_Your assignment_:
Below are the records; give again exactly the lines that run from the one with "Please give me the oriented 3D box of the box" through the last line.

***** Available records *****

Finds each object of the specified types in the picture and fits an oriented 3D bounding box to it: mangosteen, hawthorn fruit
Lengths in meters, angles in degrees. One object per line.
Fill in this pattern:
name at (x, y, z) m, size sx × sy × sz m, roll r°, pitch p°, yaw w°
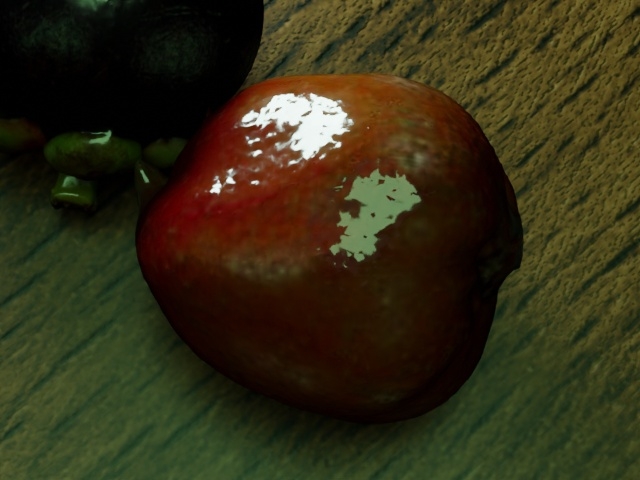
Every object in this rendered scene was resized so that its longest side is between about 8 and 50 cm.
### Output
mangosteen at (-0.191, -0.167, 1.208) m, size 0.275 × 0.275 × 0.302 m, roll 12°, pitch 104°, yaw 1°
hawthorn fruit at (0.012, 0.008, 1.135) m, size 0.311 × 0.295 × 0.295 m, roll -13°, pitch 72°, yaw -7°
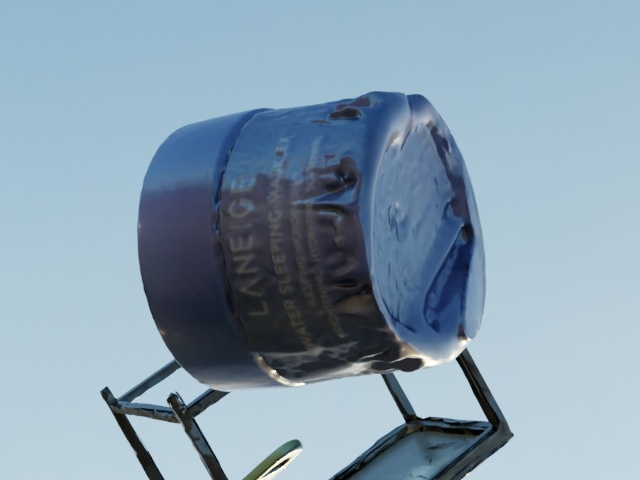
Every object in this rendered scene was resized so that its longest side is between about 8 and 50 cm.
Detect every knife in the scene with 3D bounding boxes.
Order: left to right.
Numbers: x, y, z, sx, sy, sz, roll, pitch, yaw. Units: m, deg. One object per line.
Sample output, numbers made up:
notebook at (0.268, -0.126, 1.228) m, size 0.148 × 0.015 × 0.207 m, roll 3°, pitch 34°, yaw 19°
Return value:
knife at (-0.126, 0.258, 1.276) m, size 0.020 × 0.293 × 0.043 m, roll 47°, pitch -2°, yaw 21°

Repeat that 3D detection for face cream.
face cream at (0.000, 0.000, 1.388) m, size 0.225 × 0.249 × 0.249 m, roll -10°, pitch -53°, yaw 28°

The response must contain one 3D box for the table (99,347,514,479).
table at (-0.018, 0.196, 1.805) m, size 0.272 × 0.335 × 0.222 m, roll 61°, pitch -26°, yaw -11°
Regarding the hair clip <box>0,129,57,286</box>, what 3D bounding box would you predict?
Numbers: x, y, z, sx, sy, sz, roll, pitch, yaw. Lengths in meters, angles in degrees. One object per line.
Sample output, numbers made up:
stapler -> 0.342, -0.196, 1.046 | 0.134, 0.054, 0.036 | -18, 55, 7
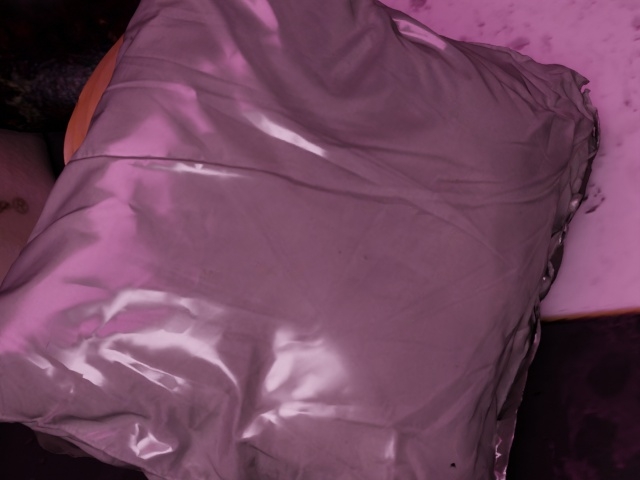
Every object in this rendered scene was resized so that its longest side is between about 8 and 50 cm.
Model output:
hair clip -> -0.277, -0.004, 0.883 | 0.113, 0.172, 0.282 | -20, 57, 47

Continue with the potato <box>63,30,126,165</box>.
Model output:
potato -> -0.061, -0.087, 0.795 | 0.234, 0.146, 0.150 | -52, 1, -8

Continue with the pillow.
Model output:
pillow -> 0.000, 0.000, 0.647 | 0.283, 0.138, 0.310 | 24, 70, -3

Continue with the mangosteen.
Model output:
mangosteen -> -0.202, -0.214, 0.922 | 0.288, 0.288, 0.288 | -18, 50, 23
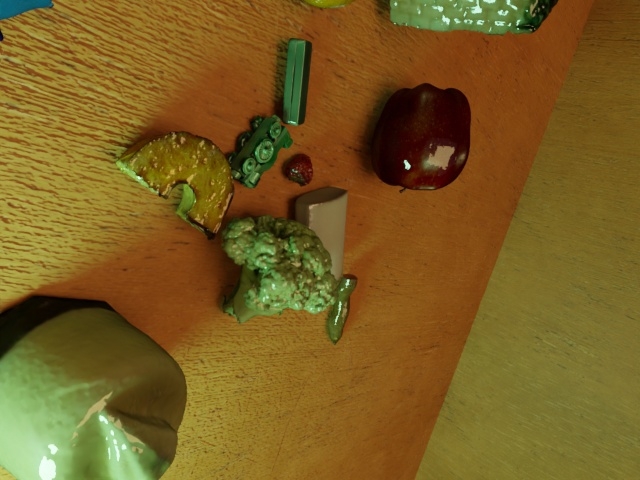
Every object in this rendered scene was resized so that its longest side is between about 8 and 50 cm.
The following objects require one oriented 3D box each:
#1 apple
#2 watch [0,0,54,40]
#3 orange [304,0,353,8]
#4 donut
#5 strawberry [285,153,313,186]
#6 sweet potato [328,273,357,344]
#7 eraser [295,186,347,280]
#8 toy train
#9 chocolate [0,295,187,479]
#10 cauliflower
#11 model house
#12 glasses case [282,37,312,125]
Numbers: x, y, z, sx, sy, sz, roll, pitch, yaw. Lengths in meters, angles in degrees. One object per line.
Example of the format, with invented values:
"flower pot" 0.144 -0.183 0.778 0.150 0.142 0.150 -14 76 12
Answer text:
"apple" 0.299 -0.289 1.348 0.288 0.288 0.317 2 99 -50
"watch" -0.418 -0.334 0.538 0.171 0.200 0.196 -49 135 -26
"orange" 0.027 -0.599 0.947 0.224 0.170 0.224 -28 129 -40
"donut" -0.260 -0.128 0.905 0.152 0.101 0.259 -56 140 -15
"strawberry" -0.050 -0.182 1.156 0.073 0.073 0.083 38 65 -51
"sweet potato" 0.062 0.238 1.504 0.059 0.067 0.281 8 111 -13
"eraser" 0.000 0.000 1.280 0.174 0.095 0.270 -28 129 -47
"toy train" -0.139 -0.199 1.041 0.178 0.071 0.104 -57 152 -14
"chocolate" -0.402 0.290 0.801 0.326 0.297 0.314 22 86 -51
"cauliflower" -0.102 0.085 1.069 0.327 0.260 0.281 28 82 -17
"model house" 0.404 -0.787 1.092 0.445 0.395 0.400 -56 148 -29
"glasses case" -0.053 -0.360 1.053 0.078 0.039 0.184 -58 157 -68
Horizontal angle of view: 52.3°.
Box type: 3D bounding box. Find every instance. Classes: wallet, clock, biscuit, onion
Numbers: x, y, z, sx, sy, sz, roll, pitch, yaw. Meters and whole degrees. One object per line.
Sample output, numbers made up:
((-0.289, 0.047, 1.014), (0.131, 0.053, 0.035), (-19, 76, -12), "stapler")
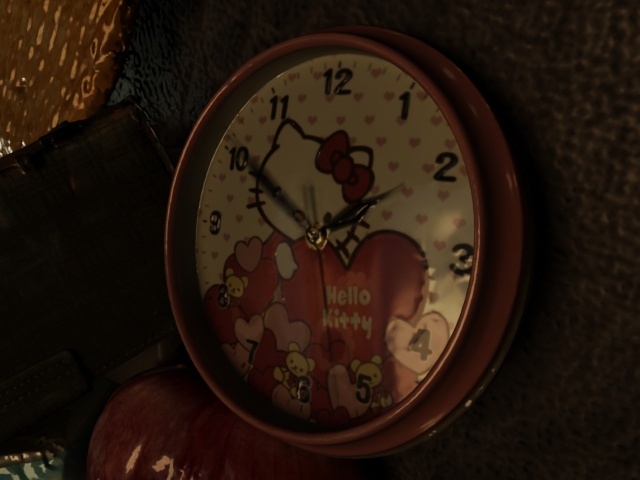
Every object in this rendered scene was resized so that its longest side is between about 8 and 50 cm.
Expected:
((-0.224, 0.049, 0.425), (0.169, 0.317, 0.044), (64, 163, -19), "wallet")
((0.001, 0.000, 0.373), (0.244, 0.056, 0.244), (-2, 87, 39), "clock")
((-0.219, -0.189, 0.521), (0.254, 0.035, 0.253), (0, 90, 39), "biscuit")
((-0.071, 0.234, 0.464), (0.227, 0.120, 0.283), (7, 115, 27), "onion")

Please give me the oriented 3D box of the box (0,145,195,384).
((-0.249, 0.009, 0.617), (0.365, 0.051, 0.204), (9, 108, 40), "box")

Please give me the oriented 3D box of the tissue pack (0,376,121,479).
((-0.218, 0.275, 0.567), (0.124, 0.201, 0.271), (-10, 97, -1), "tissue pack")

*****

_Answer to the problem_:
Please give me the oriented 3D box of the box (0,145,195,384).
((-0.249, 0.009, 0.617), (0.365, 0.051, 0.204), (9, 108, 40), "box")

Please give me the oriented 3D box of the tissue pack (0,376,121,479).
((-0.218, 0.275, 0.567), (0.124, 0.201, 0.271), (-10, 97, -1), "tissue pack")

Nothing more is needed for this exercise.